2015-01-21 Thread Ganesh Sittampalam
Hi,

On 21/01/2015 15:51, Ivan Zakharyaschev wrote:

 I've started to explore the available ways to import history from Git,
 and have come to some uncertainty.

Apologies for that, the situation is indeed a little messy.

[...]

 Which tool should I prefer? Are they substantially different? Does
 `darcs convert` work better than `darcs-fastconvert` from
 darcs-bridge? Are there any news in this area?

Note that darcs-fastconvert still exists independently of darcs-bridge,
see https://hackage.haskell.org/package/darcs-fastconvert

I'm not sure how up to date it is though.

'darcs convert' is currently supported.

 These things seem not to be clarified on the wiki.

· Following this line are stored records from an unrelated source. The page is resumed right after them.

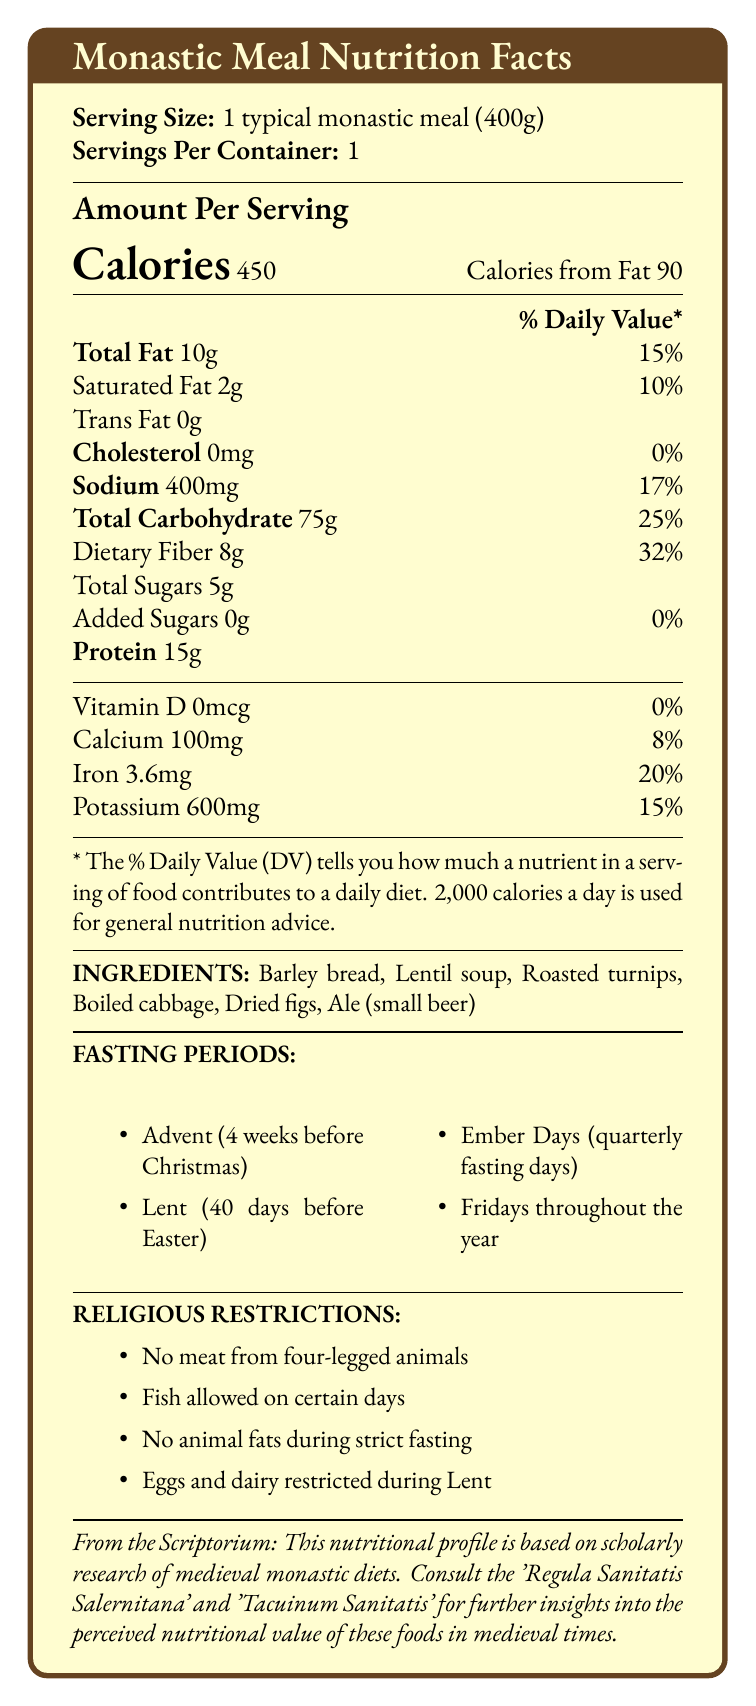what is the serving size? The document lists the serving size as "1 typical monastic meal (400g)."
Answer: 1 typical monastic meal (400g) how many calories does one typical monastic meal contain? Under the "Amount Per Serving" section, it states "Calories 450."
Answer: 450 calories how much protein is in one serving of the meal? The document states that the meal contains 15g of protein in the macronutrient section.
Answer: 15g which fasting periods are mentioned in the document? The document lists four fasting periods under "FASTING PERIODS".
Answer: Advent, Lent, Ember Days, Fridays throughout the year what are the main ingredients of the typical monastic meal? The "INGREDIENTS" section lists these six items.
Answer: Barley bread, Lentil soup, Roasted turnips, Boiled cabbage, Dried figs, Ale (small beer) which of the following restrictions applies during Lent? A. Fish is restricted B. Eggs and dairy products are restricted C. All animal products are allowed D. All vegetables are restricted The "RELIGIOUS RESTRICTIONS" section mentions that eggs and dairy products are restricted during Lent.
Answer: B what is the percentage daily value of dietary fiber in the meal? The "Macronutrients" section lists dietary fiber as 8g and 32% of the daily value.
Answer: 32% does this monastic meal contain any cholesterol? The document indicates that the meal contains 0mg of cholesterol.
Answer: No how often were monks allowed two meals per day, except during fasting periods? The "scholarlyNotes" section mentions that according to the Rule of Saint Benedict, monks were allowed two meals per day except during fasting periods.
Answer: According to the Rule of Saint Benedict which micronutrient is absent in this meal? A. Vitamin D B. Calcium C. Iron D. Potassium The document states there is 0mcg of Vitamin D in the micronutrients section.
Answer: A does the meal contain any added sugars? The document mentions that the meal has 0g of added sugars.
Answer: No summarize the main idea of the document. The document gives a detailed breakdown of the nutritional values and dietary context of a typical meal consumed by medieval monks, including specific fasting periods and dietary restrictions based on religious practices.
Answer: The document provides a nutritional profile of a typical monastic meal, including its serving size, calorie content, macronutrient and micronutrient information, ingredients, and religious fasting and dietary restrictions. how much sodium does one serving of this meal contain? The "Macronutrients" section lists sodium as 400mg.
Answer: 400mg how many total carbohydrates are in one serving of the meal? The document states that there are 75g of total carbohydrates in one serving under the macronutrient section.
Answer: 75g which medieval health handbooks are mentioned in the scholarly notes? The "scholarlyNotes" section specifically mentions these two handbooks.
Answer: 'Regula Sanitatis Salernitana' and 'Tacuinum Sanitatis' what is the percentage daily value of iron in the meal? The "Micronutrients" section lists iron as 3.6mg and 20% of the daily value.
Answer: 20% which nutrients have no daily value provided? These nutrients are listed without a daily value percentage in the document.
Answer: Trans Fat, Total Sugars, Vitamin D what are typical foods included in a monastic diet? The "typicalFoods" section lists these items.
Answer: Whole grain breads, Legumes, Root vegetables, Leafy greens, Fruits, Fish, Nuts and seeds, Herbs and spices how does the meal comply with the rule of no meat from four-legged animals? The ingredient list shows that the meal does not contain any meat from four-legged animals, complying with the religious restriction.
Answer: It includes barley bread, lentil soup, roasted turnips, boiled cabbage, dried figs, and ale, none of which are meat from four-legged animals. what influence does 'Regula Sanitatis Salernitana' have on the dietary guidelines? The document mentions the 'Regula Sanitatis Salernitana' provides dietary guidelines influenced by monastic practices but does not elaborate on the specifics of this influence.
Answer: Cannot be determined 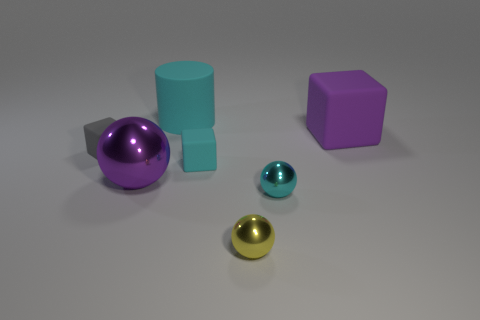Subtract all green spheres. Subtract all gray cylinders. How many spheres are left? 3 Add 3 tiny cubes. How many objects exist? 10 Subtract all cylinders. How many objects are left? 6 Add 7 big matte cylinders. How many big matte cylinders are left? 8 Add 6 tiny metallic things. How many tiny metallic things exist? 8 Subtract 0 blue cylinders. How many objects are left? 7 Subtract all cyan rubber objects. Subtract all cyan matte blocks. How many objects are left? 4 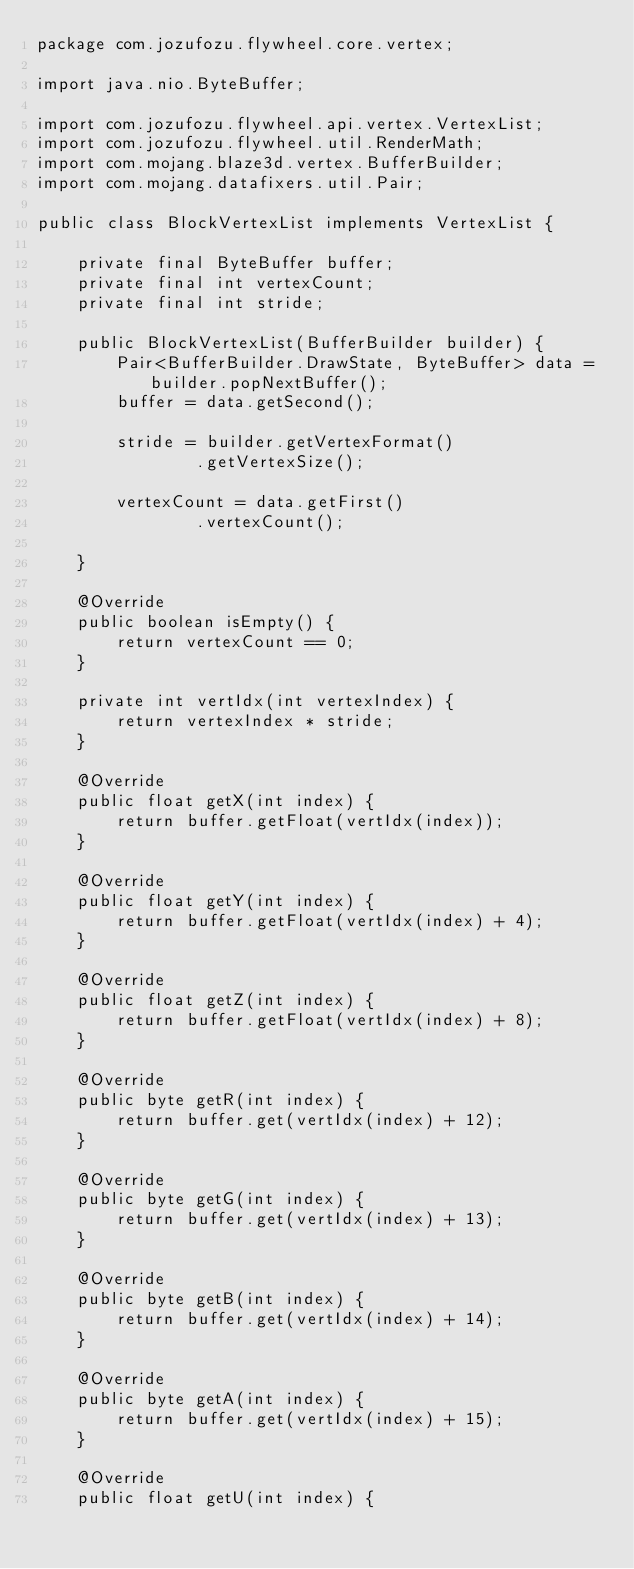<code> <loc_0><loc_0><loc_500><loc_500><_Java_>package com.jozufozu.flywheel.core.vertex;

import java.nio.ByteBuffer;

import com.jozufozu.flywheel.api.vertex.VertexList;
import com.jozufozu.flywheel.util.RenderMath;
import com.mojang.blaze3d.vertex.BufferBuilder;
import com.mojang.datafixers.util.Pair;

public class BlockVertexList implements VertexList {

	private final ByteBuffer buffer;
	private final int vertexCount;
	private final int stride;

	public BlockVertexList(BufferBuilder builder) {
		Pair<BufferBuilder.DrawState, ByteBuffer> data = builder.popNextBuffer();
		buffer = data.getSecond();

		stride = builder.getVertexFormat()
				.getVertexSize();

		vertexCount = data.getFirst()
				.vertexCount();

	}

	@Override
	public boolean isEmpty() {
		return vertexCount == 0;
	}

	private int vertIdx(int vertexIndex) {
		return vertexIndex * stride;
	}

	@Override
	public float getX(int index) {
		return buffer.getFloat(vertIdx(index));
	}

	@Override
	public float getY(int index) {
		return buffer.getFloat(vertIdx(index) + 4);
	}

	@Override
	public float getZ(int index) {
		return buffer.getFloat(vertIdx(index) + 8);
	}

	@Override
	public byte getR(int index) {
		return buffer.get(vertIdx(index) + 12);
	}

	@Override
	public byte getG(int index) {
		return buffer.get(vertIdx(index) + 13);
	}

	@Override
	public byte getB(int index) {
		return buffer.get(vertIdx(index) + 14);
	}

	@Override
	public byte getA(int index) {
		return buffer.get(vertIdx(index) + 15);
	}

	@Override
	public float getU(int index) {</code> 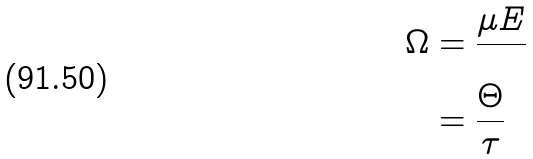Convert formula to latex. <formula><loc_0><loc_0><loc_500><loc_500>\Omega & = \frac { \mu E } { } \\ & = \frac { \Theta } { \tau }</formula> 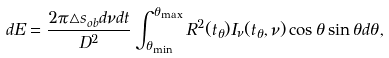Convert formula to latex. <formula><loc_0><loc_0><loc_500><loc_500>d E = \frac { 2 \pi \triangle s _ { o b } d \nu d t } { D ^ { 2 } } \int _ { \theta _ { \min } } ^ { \theta _ { \max } } R ^ { 2 } ( t _ { \theta } ) I _ { \nu } ( t _ { \theta } , \nu ) \cos \theta \sin \theta d \theta ,</formula>

At least, a note in
 http://darcs.net/DarcsBridgeUsage stating that it is obsolete (if
 this is true) and linking to the more fresh page would help.

Good point, I've updated it as you suggest.

 Also, if I'm using darcs-2.8.4 from my distro, and according to the
 wiki, `darcs convert` is available in darcs-2.10 only, then should I
 build a new darcs or try to build darcs-bridge?

I'd suggest building a new darcs and using 'darcs convert'.